Aids: The patient was completely cured of the virus

hiv aids AIDS, Treatment

A man with AIDS in London has become the second known patient to appear to have been completely cured of the virus, following a three-year-old bone marrow stem cell transplant from an HIV-resistant donor.

The donor had a rare genetic mutation that makes him resistant to HIV.

The tests performed on the patient, one and a half years after he stopped the antiretroviral drug treatment against HIV, no longer show the slightest trace of infection in his body. The researchers, led by Professor Ravindra Gupta of the University of Cambridge, published their findings in the journal Nature, according to Reuters, the New York Times and Science.

"There is no virus that we can measure. "We can not detect anything," Gupta said. He noted that the patient is considered "functionally cured" and "in remission", although he added that "it is too early to talk about treatment". As he said, "after two years we will talk more about treatment".
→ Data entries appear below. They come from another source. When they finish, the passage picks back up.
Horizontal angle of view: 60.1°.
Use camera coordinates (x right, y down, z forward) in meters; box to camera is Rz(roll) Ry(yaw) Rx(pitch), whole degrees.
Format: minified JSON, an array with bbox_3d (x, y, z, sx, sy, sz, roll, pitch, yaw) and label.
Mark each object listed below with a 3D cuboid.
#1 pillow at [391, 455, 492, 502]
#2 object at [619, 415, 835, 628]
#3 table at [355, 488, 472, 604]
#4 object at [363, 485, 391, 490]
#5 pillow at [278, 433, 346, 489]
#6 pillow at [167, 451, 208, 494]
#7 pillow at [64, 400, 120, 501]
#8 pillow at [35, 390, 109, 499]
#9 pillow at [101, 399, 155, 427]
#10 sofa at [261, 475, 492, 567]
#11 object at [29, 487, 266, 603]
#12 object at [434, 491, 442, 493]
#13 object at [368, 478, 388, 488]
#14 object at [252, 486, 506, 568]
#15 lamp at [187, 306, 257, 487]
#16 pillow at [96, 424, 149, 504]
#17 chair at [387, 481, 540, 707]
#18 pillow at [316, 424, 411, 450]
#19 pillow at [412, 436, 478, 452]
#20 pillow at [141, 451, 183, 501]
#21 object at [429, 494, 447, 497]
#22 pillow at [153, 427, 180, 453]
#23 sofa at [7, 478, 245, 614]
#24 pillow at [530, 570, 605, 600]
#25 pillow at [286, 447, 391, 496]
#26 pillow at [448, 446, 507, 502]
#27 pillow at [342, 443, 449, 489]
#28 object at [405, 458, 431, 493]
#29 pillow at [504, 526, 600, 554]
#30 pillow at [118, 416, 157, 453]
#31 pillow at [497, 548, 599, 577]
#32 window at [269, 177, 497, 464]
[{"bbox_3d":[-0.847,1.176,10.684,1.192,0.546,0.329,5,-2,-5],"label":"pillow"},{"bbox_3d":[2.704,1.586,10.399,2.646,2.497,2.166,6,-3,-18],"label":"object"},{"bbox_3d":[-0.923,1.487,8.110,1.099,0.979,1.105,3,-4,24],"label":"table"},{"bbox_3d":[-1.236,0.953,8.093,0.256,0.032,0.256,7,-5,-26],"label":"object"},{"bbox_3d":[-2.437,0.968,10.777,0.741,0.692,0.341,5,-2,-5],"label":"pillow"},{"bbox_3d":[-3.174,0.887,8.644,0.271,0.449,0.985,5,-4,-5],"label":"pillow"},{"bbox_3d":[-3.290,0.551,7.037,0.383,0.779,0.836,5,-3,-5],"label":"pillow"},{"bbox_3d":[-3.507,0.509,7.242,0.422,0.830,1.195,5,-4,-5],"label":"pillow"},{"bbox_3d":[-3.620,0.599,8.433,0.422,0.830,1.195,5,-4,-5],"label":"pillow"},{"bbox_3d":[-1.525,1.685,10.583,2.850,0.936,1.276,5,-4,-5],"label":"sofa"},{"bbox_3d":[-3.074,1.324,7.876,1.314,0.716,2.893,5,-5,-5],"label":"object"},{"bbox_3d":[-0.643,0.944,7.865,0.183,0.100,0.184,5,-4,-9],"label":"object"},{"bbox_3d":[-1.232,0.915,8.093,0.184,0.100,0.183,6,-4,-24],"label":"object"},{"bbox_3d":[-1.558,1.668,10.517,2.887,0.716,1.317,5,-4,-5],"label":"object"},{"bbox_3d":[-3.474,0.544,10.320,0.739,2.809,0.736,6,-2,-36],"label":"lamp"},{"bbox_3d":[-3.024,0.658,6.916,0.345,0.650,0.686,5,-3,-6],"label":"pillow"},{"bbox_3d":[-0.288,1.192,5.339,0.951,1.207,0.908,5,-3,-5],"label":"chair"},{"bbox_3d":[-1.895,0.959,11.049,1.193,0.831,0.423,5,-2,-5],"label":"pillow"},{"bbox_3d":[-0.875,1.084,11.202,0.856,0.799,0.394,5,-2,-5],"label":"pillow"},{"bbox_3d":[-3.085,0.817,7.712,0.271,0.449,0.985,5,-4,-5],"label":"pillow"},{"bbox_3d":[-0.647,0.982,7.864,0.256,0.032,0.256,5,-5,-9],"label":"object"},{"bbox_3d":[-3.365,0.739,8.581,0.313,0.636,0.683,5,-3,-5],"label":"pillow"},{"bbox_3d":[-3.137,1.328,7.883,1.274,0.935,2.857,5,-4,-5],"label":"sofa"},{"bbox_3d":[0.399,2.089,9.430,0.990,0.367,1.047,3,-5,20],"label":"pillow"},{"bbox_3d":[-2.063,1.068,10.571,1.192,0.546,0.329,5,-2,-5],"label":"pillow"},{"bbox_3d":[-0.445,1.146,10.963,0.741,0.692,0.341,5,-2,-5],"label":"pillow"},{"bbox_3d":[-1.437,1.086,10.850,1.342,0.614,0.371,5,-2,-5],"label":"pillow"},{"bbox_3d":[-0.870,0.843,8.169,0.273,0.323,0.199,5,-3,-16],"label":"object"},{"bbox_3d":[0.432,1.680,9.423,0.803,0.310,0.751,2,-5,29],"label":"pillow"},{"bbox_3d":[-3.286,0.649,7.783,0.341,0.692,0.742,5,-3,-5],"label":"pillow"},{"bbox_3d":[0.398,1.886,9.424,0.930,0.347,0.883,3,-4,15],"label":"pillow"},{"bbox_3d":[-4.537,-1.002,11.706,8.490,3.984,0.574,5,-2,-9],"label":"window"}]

The anonymous and unknown man is now called "the patient of London", in analogy to the "patient of Berlin", the American Timothy Brown, the first and only case of a patient that became known in 2007 that, after a similar bone marrow stem cell transplant treatment in Germany, got rid of HIV and remains cured to this day.
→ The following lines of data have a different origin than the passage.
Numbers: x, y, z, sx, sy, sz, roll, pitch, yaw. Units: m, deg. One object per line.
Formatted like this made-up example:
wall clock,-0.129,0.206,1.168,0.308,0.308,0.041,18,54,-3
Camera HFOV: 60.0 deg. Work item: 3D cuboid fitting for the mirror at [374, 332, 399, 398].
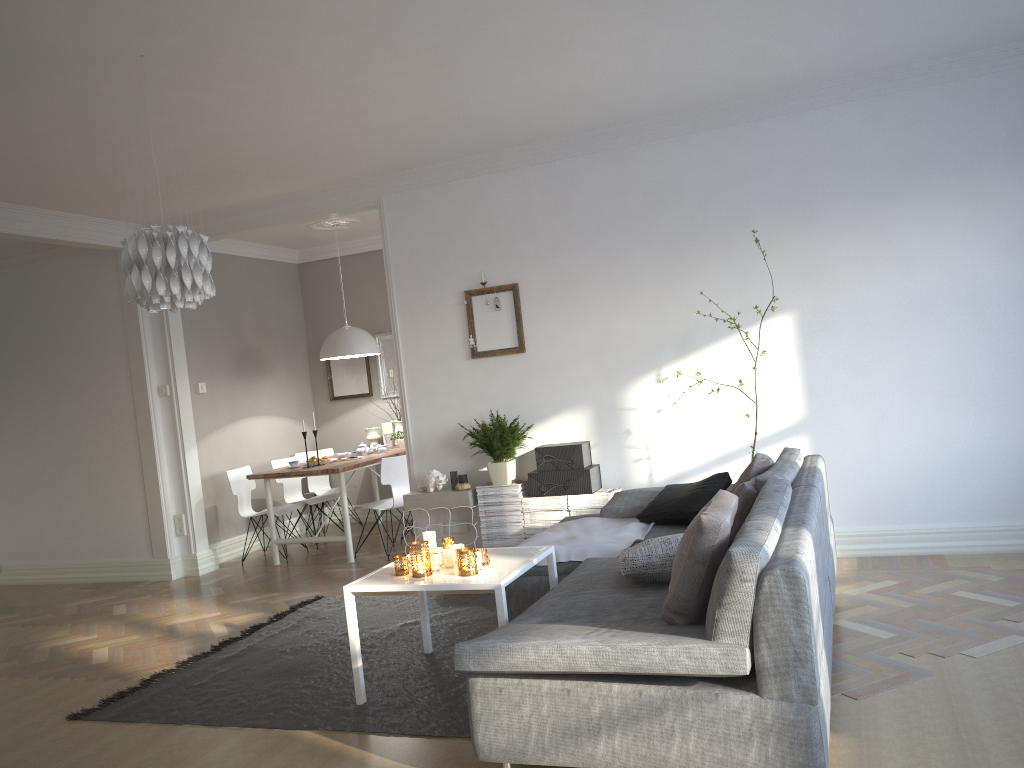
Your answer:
mirror,-1.069,-0.200,8.663,0.544,0.632,0.047,-6,1,21

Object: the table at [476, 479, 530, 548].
table,-0.025,0.953,5.927,0.321,0.597,0.246,-6,1,21

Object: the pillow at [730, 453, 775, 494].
pillow,1.203,0.538,4.486,0.324,0.403,0.429,-6,1,8

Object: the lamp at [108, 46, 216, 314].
lamp,-1.471,-0.835,3.681,0.354,1.066,0.354,-7,2,-27

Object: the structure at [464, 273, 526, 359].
structure,-0.129,-0.477,6.013,0.399,0.575,0.053,-6,1,18

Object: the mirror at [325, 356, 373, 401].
mirror,-1.638,-0.132,8.878,0.474,0.558,0.051,-6,1,21

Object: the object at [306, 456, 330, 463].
object,-1.626,0.630,7.432,0.197,0.063,0.188,-6,1,-9

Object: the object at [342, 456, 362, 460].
object,-1.351,0.628,7.481,0.180,0.014,0.180,-6,1,-14

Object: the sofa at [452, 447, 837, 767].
sofa,0.568,0.850,3.890,1.555,0.773,2.630,-6,1,21

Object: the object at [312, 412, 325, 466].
object,-1.591,0.439,7.188,0.095,0.449,0.095,-6,1,16

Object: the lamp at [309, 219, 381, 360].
lamp,-1.480,-0.826,7.756,0.530,1.182,0.529,-6,1,28

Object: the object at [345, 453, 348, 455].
object,-1.439,0.623,7.640,0.085,0.039,0.082,-7,1,-14

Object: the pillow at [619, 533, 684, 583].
pillow,0.622,0.685,3.499,0.406,0.194,0.404,-6,1,7

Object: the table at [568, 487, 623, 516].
table,0.560,0.939,5.707,0.327,0.499,0.246,-6,1,21

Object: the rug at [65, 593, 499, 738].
rug,-0.677,1.332,4.504,2.112,0.055,2.013,-6,1,20

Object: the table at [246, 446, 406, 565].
table,-1.315,1.005,7.789,0.853,0.750,1.985,-6,1,21

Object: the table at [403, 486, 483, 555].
table,-0.438,1.010,6.046,0.553,0.575,0.298,-6,1,22

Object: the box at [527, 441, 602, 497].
box,0.329,0.554,5.766,0.420,0.316,0.298,-6,1,21

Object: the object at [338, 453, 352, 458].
object,-1.438,0.624,7.640,0.129,0.038,0.129,-6,1,21

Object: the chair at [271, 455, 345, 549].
chair,-1.813,1.040,7.934,0.479,0.786,0.431,-6,1,31

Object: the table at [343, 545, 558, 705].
table,-0.229,1.045,3.898,0.715,0.504,0.674,-6,1,21

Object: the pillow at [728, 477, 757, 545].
pillow,1.015,0.591,4.136,0.337,0.311,0.414,-6,1,26

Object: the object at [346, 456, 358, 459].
object,-1.350,0.624,7.470,0.100,0.025,0.066,-6,1,-2

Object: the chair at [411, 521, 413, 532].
chair,-0.692,0.913,8.150,0.479,0.786,0.431,-6,1,11

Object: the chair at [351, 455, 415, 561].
chair,-0.980,0.956,7.024,0.479,0.786,0.431,-5,2,41

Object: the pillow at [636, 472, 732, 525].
pillow,0.912,0.616,4.695,0.421,0.248,0.401,-6,1,41

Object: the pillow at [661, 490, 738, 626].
pillow,0.637,0.581,2.988,0.242,0.390,0.426,-6,1,21

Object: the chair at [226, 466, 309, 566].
chair,-2.039,1.070,7.377,0.479,0.786,0.431,-6,1,11

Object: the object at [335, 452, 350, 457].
object,-1.492,0.628,7.800,0.129,0.038,0.129,-6,1,26

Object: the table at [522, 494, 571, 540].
table,0.267,0.971,5.819,0.327,0.499,0.246,-6,1,21

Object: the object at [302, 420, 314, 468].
object,-1.653,0.473,7.102,0.095,0.396,0.095,-6,1,16

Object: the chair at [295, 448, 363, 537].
chair,-1.763,1.029,8.520,0.431,0.786,0.479,-7,2,-38

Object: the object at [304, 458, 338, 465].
object,-1.600,0.653,7.436,0.287,0.020,0.287,-6,1,8

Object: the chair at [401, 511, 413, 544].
chair,-0.679,0.918,7.503,0.479,0.786,0.431,-6,1,26

The "London patient" was infected with HIV in 2003 and in 2012 was also diagnosed with Hodgkin's lymphoma, a form of blood cancer. In 2016, doctors decided to perform a bone marrow transplant on him, which was his last hope of survival. AIDS has killed about 35 million people since its inception in the 1980s, and some 37 million people are now infected with the virus.

Most scientists, however, are skeptical that such treatments, such as those applied to patients in Berlin and London, can cure all AIDS patients, as the procedure is expensive, complicated and risky, and must be found. suitable donors with the rare mutation (CCR5 Delta 32), which gives immunity against the virus.